◆ **Problem requirements**
Output exactly the lines from the first line of the records below through the line containing "text Bezwaar [248, 416, 1152, 442]", both included, leaving out any pictures.

━━━ Supplied information ━━━

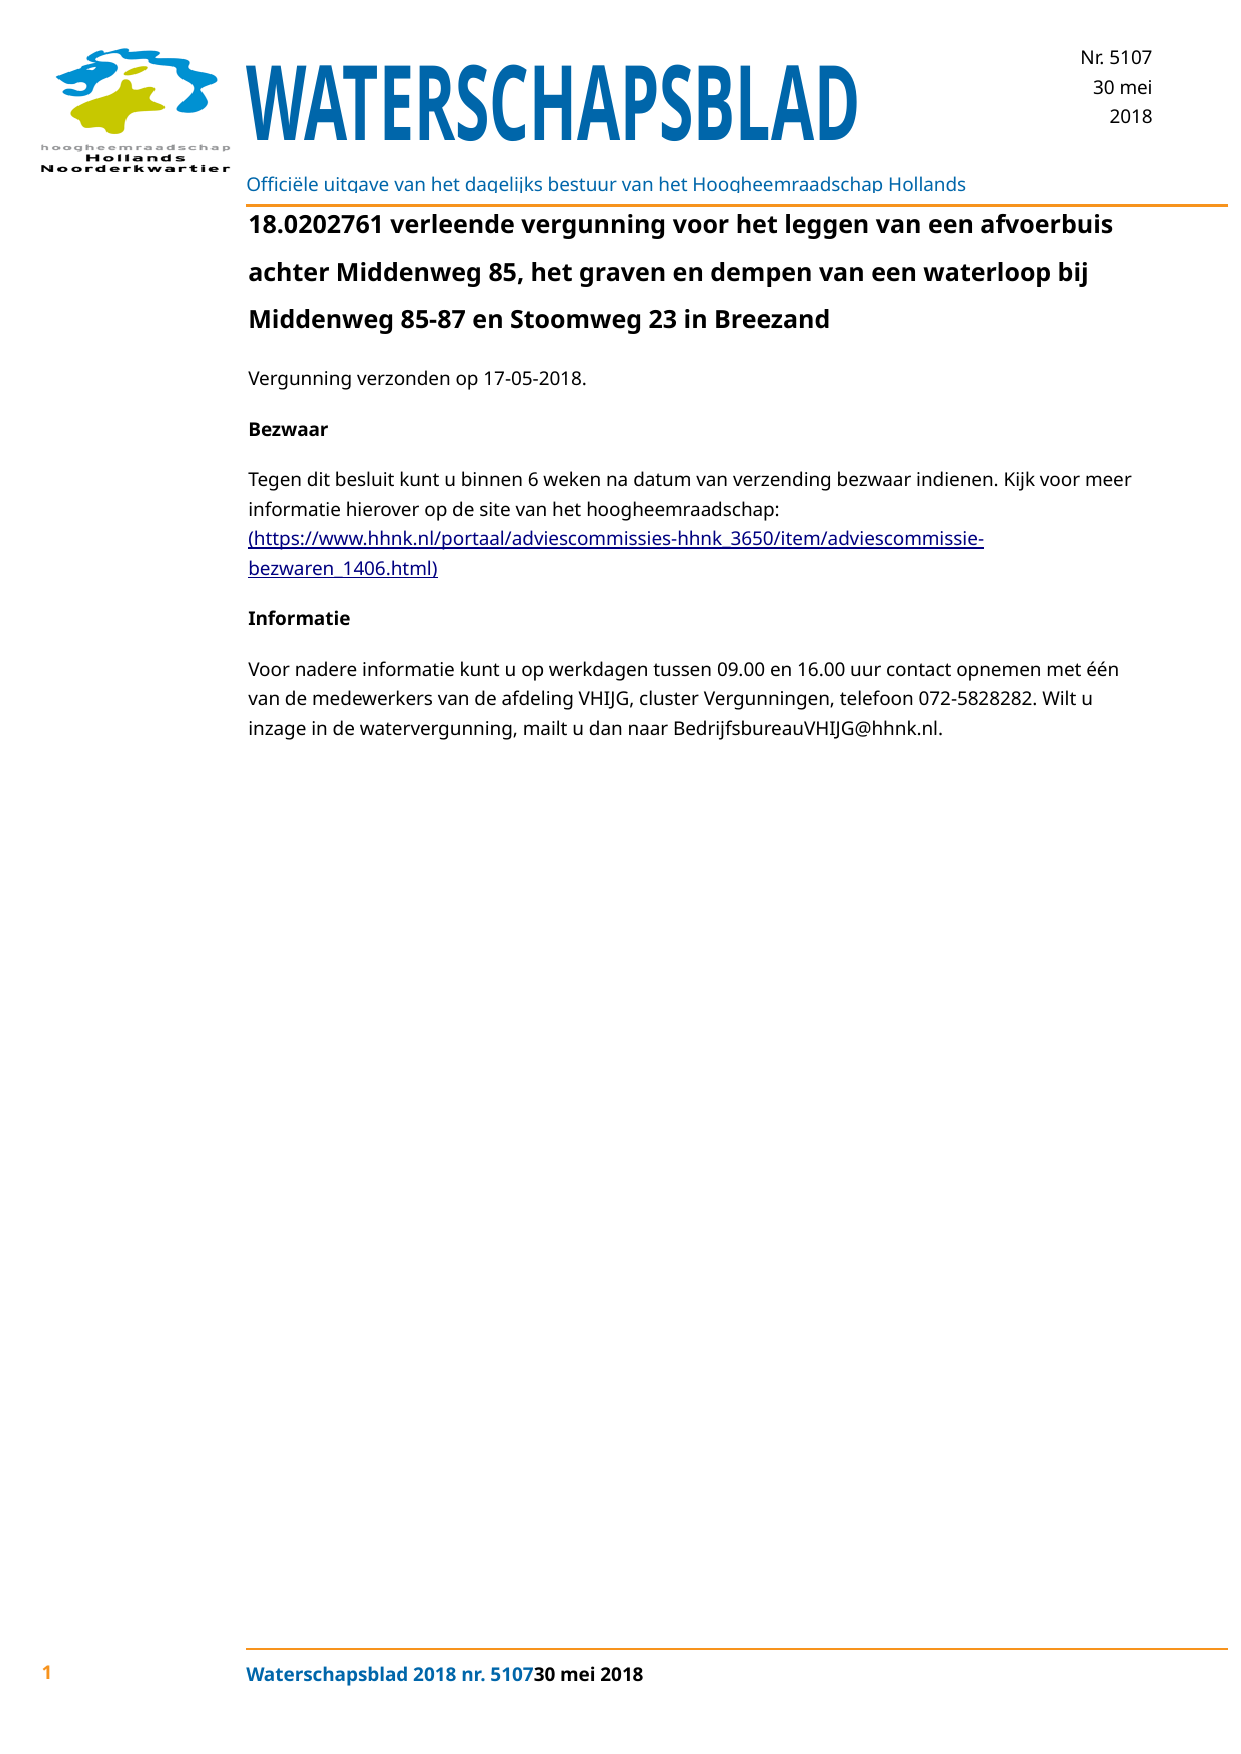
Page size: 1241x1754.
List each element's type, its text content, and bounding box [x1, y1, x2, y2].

text Vergunning verzonden op 17-05-2018. [248, 366, 1152, 391]
picture [41, 47, 231, 172]
text Informatie [248, 606, 1152, 631]
text Voor nadere informatie kunt u op werkdagen tussen 09.00 en 16.00 uur contact opnemen met één van de medewerkers van de afdeling VHIJG, cluster Vergunningen, telefoon 072-5828282. Wilt u inzage in de watervergunning, mailt u dan naar BedrijfsbureauVHIJG@hhnk.nl. [248, 656, 1152, 741]
text Bezwaar [248, 416, 1152, 442]
text 18.0202761 verleende vergunning voor het leggen van een afvoerbuis achter Middenweg 85, het graven en dempen van een waterloop bij Middenweg 85-87 en Stoomweg 23 in Breezand [248, 207, 1152, 336]
text Tegen dit besluit kunt u binnen 6 weken na datum van verzending bezwaar indienen. Kijk voor meer informatie hierover op de site van het hoogheemraadschap: (https://www.hhnk.nl/portaal/adviescommissies-hhnk_3650/item/adviescommissie-bezwaren_1406.html) [248, 466, 1152, 581]

━━━

◆ **Answer for this exercise**
Page size: 1241x1754.
List each element's type, its text content, and bounding box [x1, y1, x2, y2].

text Vergunning verzonden op 17-05-2018. [248, 366, 1152, 391]
picture [41, 47, 231, 172]
text Informatie [248, 606, 1152, 631]
text Voor nadere informatie kunt u op werkdagen tussen 09.00 en 16.00 uur contact opnemen met één van de medewerkers van de afdeling VHIJG, cluster Vergunningen, telefoon 072-5828282. Wilt u inzage in de watervergunning, mailt u dan naar BedrijfsbureauVHIJG@hhnk.nl. [248, 656, 1152, 741]
text Bezwaar [248, 416, 1152, 442]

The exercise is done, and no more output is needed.